• WHAT IS BEING ASKED
The records below are to be repeated exactly, minus any pictures.

▬▬▬

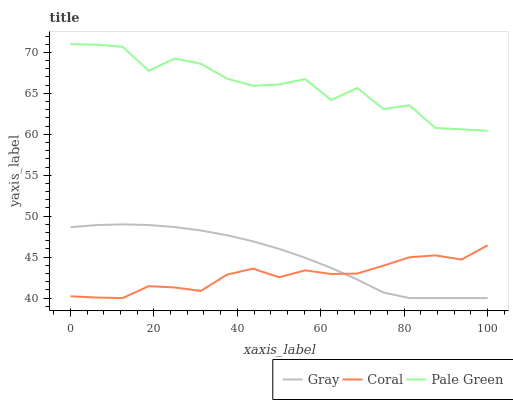Does Coral have the minimum area under the curve?
Answer yes or no. Yes. Does Pale Green have the maximum area under the curve?
Answer yes or no. Yes. Does Pale Green have the minimum area under the curve?
Answer yes or no. No. Does Coral have the maximum area under the curve?
Answer yes or no. No. Is Gray the smoothest?
Answer yes or no. Yes. Is Pale Green the roughest?
Answer yes or no. Yes. Is Coral the smoothest?
Answer yes or no. No. Is Coral the roughest?
Answer yes or no. No. Does Pale Green have the lowest value?
Answer yes or no. No. Does Pale Green have the highest value?
Answer yes or no. Yes. Does Coral have the highest value?
Answer yes or no. No. Is Gray less than Pale Green?
Answer yes or no. Yes. Is Pale Green greater than Coral?
Answer yes or no. Yes. Does Gray intersect Coral?
Answer yes or no. Yes. Is Gray less than Coral?
Answer yes or no. No. Is Gray greater than Coral?
Answer yes or no. No. Does Gray intersect Pale Green?
Answer yes or no. No.

▬▬▬

• TASK OUTPUT
Does Coral have the minimum area under the curve?
Answer yes or no. Yes. Does Pale Green have the maximum area under the curve?
Answer yes or no. Yes. Does Pale Green have the minimum area under the curve?
Answer yes or no. No. Does Coral have the maximum area under the curve?
Answer yes or no. No. Is Gray the smoothest?
Answer yes or no. Yes. Is Pale Green the roughest?
Answer yes or no. Yes. Is Coral the smoothest?
Answer yes or no. No. Is Coral the roughest?
Answer yes or no. No. Does Pale Green have the lowest value?
Answer yes or no. No. Does Pale Green have the highest value?
Answer yes or no. Yes. Does Coral have the highest value?
Answer yes or no. No. Is Gray less than Pale Green?
Answer yes or no. Yes. Is Pale Green greater than Coral?
Answer yes or no. Yes. Does Gray intersect Coral?
Answer yes or no. Yes. Is Gray less than Coral?
Answer yes or no. No. Is Gray greater than Coral?
Answer yes or no. No. Does Gray intersect Pale Green?
Answer yes or no. No.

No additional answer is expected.